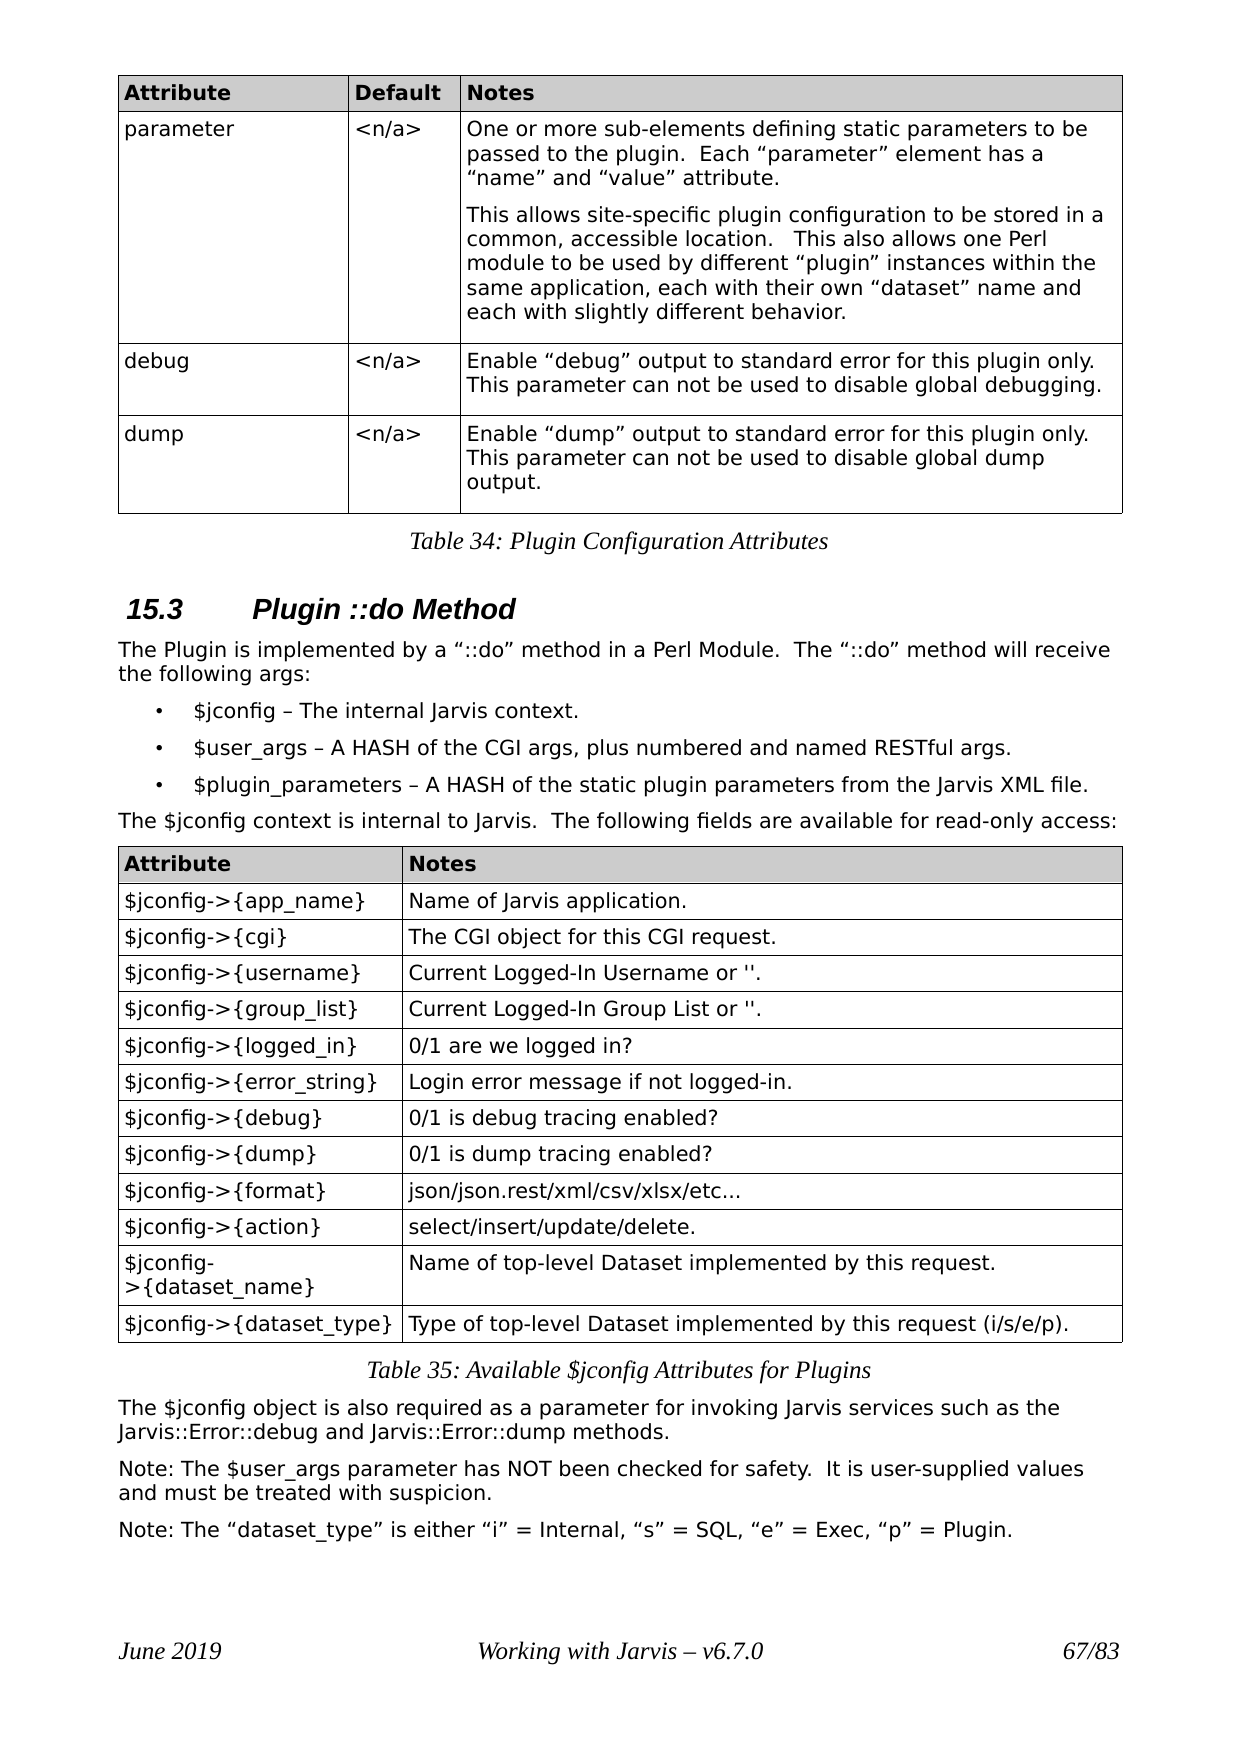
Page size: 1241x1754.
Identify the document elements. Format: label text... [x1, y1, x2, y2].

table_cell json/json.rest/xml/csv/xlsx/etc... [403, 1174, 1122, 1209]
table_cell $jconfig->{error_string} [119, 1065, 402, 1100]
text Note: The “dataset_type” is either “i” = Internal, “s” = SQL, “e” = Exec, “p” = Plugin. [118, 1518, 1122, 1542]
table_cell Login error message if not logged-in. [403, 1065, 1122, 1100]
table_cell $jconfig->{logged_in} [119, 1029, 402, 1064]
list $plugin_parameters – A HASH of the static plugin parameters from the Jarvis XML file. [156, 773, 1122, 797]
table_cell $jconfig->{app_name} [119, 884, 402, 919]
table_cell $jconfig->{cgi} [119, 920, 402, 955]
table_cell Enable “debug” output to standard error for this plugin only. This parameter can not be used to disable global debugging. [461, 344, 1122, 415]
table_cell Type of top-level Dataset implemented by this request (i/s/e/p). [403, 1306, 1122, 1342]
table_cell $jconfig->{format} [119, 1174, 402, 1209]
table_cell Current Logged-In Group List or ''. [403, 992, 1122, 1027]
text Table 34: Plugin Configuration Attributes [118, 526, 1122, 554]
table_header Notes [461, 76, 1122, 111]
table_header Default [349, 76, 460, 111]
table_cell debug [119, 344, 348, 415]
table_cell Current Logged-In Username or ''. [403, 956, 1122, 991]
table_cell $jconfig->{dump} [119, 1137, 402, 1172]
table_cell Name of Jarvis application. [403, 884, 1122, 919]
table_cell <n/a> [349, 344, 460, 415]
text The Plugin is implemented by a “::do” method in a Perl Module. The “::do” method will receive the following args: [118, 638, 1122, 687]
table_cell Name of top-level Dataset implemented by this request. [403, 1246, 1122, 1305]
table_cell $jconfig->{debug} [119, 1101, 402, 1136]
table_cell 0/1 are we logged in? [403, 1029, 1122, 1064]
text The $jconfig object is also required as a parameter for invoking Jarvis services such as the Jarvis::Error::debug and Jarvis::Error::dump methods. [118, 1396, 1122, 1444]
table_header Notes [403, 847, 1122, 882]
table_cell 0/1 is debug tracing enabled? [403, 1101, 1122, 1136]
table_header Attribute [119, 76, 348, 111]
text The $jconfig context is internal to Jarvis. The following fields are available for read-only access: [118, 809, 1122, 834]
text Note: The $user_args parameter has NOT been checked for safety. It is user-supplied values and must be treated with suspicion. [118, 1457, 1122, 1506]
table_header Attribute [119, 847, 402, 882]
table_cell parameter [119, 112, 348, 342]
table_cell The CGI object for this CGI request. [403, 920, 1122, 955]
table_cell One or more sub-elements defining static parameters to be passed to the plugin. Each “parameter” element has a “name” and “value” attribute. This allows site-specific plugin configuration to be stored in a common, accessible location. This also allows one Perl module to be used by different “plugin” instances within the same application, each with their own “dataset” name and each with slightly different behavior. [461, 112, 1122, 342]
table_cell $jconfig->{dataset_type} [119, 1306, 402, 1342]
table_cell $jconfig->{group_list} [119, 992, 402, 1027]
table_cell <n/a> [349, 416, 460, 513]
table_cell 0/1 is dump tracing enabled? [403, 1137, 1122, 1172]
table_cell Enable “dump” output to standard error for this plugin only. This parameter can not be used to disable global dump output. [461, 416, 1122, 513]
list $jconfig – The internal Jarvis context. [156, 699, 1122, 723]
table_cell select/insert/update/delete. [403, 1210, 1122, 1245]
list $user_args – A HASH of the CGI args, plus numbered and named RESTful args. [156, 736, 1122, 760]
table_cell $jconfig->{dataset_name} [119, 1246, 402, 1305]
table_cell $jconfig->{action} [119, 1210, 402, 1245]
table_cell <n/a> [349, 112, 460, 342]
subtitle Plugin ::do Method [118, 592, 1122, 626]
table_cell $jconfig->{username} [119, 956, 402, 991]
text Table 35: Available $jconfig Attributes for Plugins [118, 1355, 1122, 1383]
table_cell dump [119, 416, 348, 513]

## Your goal
Of the lines above, retype only those from the line containing "list $plugin_parameters –" through the line containing "table_header Notes [461, 76, 1122, 111]", including both, exactly.

## Result of the exercise
list $plugin_parameters – A HASH of the static plugin parameters from the Jarvis XML file. [156, 773, 1122, 797]
table_cell $jconfig->{app_name} [119, 884, 402, 919]
table_cell $jconfig->{cgi} [119, 920, 402, 955]
table_cell Enable “debug” output to standard error for this plugin only. This parameter can not be used to disable global debugging. [461, 344, 1122, 415]
table_cell Type of top-level Dataset implemented by this request (i/s/e/p). [403, 1306, 1122, 1342]
table_cell $jconfig->{format} [119, 1174, 402, 1209]
table_cell Current Logged-In Group List or ''. [403, 992, 1122, 1027]
text Table 34: Plugin Configuration Attributes [118, 526, 1122, 554]
table_header Notes [461, 76, 1122, 111]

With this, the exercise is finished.